In contrast, the object of the present invention is to provide a dual-polarized multiband antenna, in particular a so-called X-polarized multiband antenna, which avoids the disadvantages mentioned above. This antenna is thus intended to be operable in at least two frequency ranges, which are preferably well apart from one another. Furthermore, it is preferably intended to have a high level of decoupling between the two polarizations.
The object is achieved according to the invention in accordance with the features specified in
Claim 1 and Claim 2. Advantageous refinements of the invention are specified in the dependent claims.
The dual-polarized multiband antenna according to the invention has previously unimagined advantages and features. These advantages relate not only to the decoupling, the bandwidth and the sensitivity, but also to the flexibility of the antenna. The antenna according to the invention is distinguished by the fact that it has at least one radiating element module in the form of a cruciform dipole and like a dipole square, which is located in front of a reflector and which can be operated with dual polarization in two alignments positioned at right angles to one another which, as a rule, that is to say preferably, assume an alignment of +45.degree. and -45.degree. to the vertical or horizontal. This radiating element module in the form of a dipole square can be operated in a lower frequency range. However, according to the invention, further dipoles are now provided for operation in a second upper frequency band with dual polarization, with the further dipoles being arranged within the dipole square. In addition, the further dipoles are preferably in the form of a cruciform dipole. The dipole elements are in this case aligned parallel or at right angles to the dipole elements of the dipole square and thus, in the case of an X-antenna, likewise have an alignment of +45.degree. and -45.degree. to the vertical or horizontal.

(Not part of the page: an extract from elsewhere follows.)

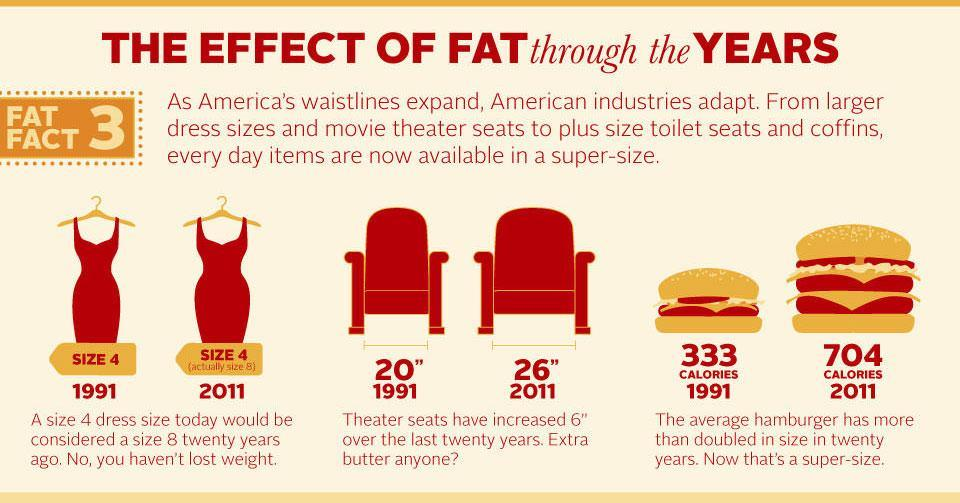In 2011, what is average hamburger calorie content?
Answer the question with a short phrase. 704 What is the theater seat size in 2011? 26" 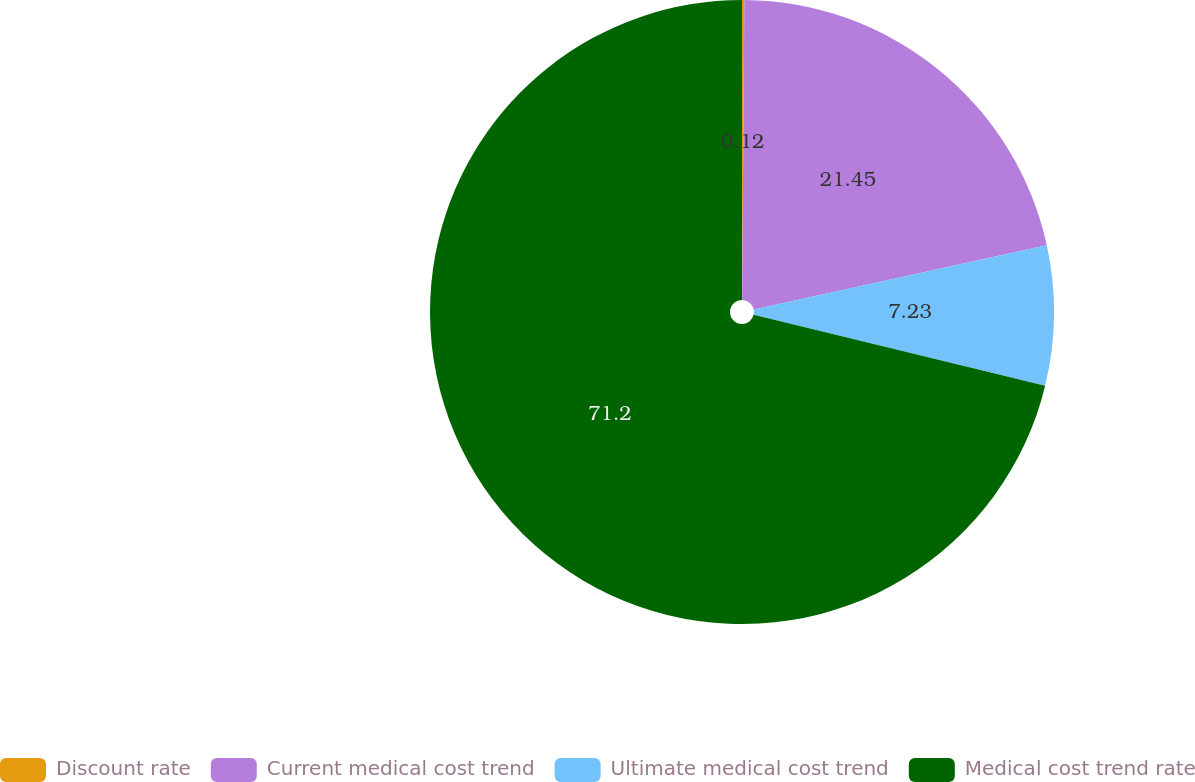Convert chart to OTSL. <chart><loc_0><loc_0><loc_500><loc_500><pie_chart><fcel>Discount rate<fcel>Current medical cost trend<fcel>Ultimate medical cost trend<fcel>Medical cost trend rate<nl><fcel>0.12%<fcel>21.45%<fcel>7.23%<fcel>71.2%<nl></chart>

A development of the invention provides that the respective holder for the dipoles of the lower frequency range, which at the same time operate as so-called balancing, are designed and/or arranged and/or dimensioned such that, in consequence, no resonance occurs in the upper frequency range, or at least no relevant resonance occurs in the upper frequency range.
It has furthermore been found to be advantageous if, depending on the frequency-dependent wavelength associated with them, the height of the dipoles are [sic] arranged such that they are not more than one wavelength away from the reflector or the reflector plane. Advantageous values are in a range from 1/8 to 1/2 of the respective operating wavelength.
Above all, it is surprising in the case of the antenna according to the invention that, firstly, it has a broad bandwidth and, secondly, at the same time has a high level of decoupling between the two polarizations. It is also distinguished above all in that, with the antenna according to the invention, it is possible to ensure that the horizontal half beamwidths of the two radiating element modules are identical or virtually identical, that is to say essentially of the same magnitude, in both the lower and the upper frequency band ranges.
The advantages according to the invention can, above all, be achieved even when the antenna according to the invention is constructed not only with a dipole square and a cruciform dipole arranged in it, but like an antenna array with a plurality of such square dipoles, each having further internal dipoles, preferably in the form of cruciform dipoles. With this embodiment in particular, it is possible to provide a further radiating element module for transmission of the upper frequency band between each of the two dipole squares for transmitting and receiving the lower frequency band.
However, this further radiating element module is then preferably not in the form of a cruciform dipole, but likewise in the form of a dipole square.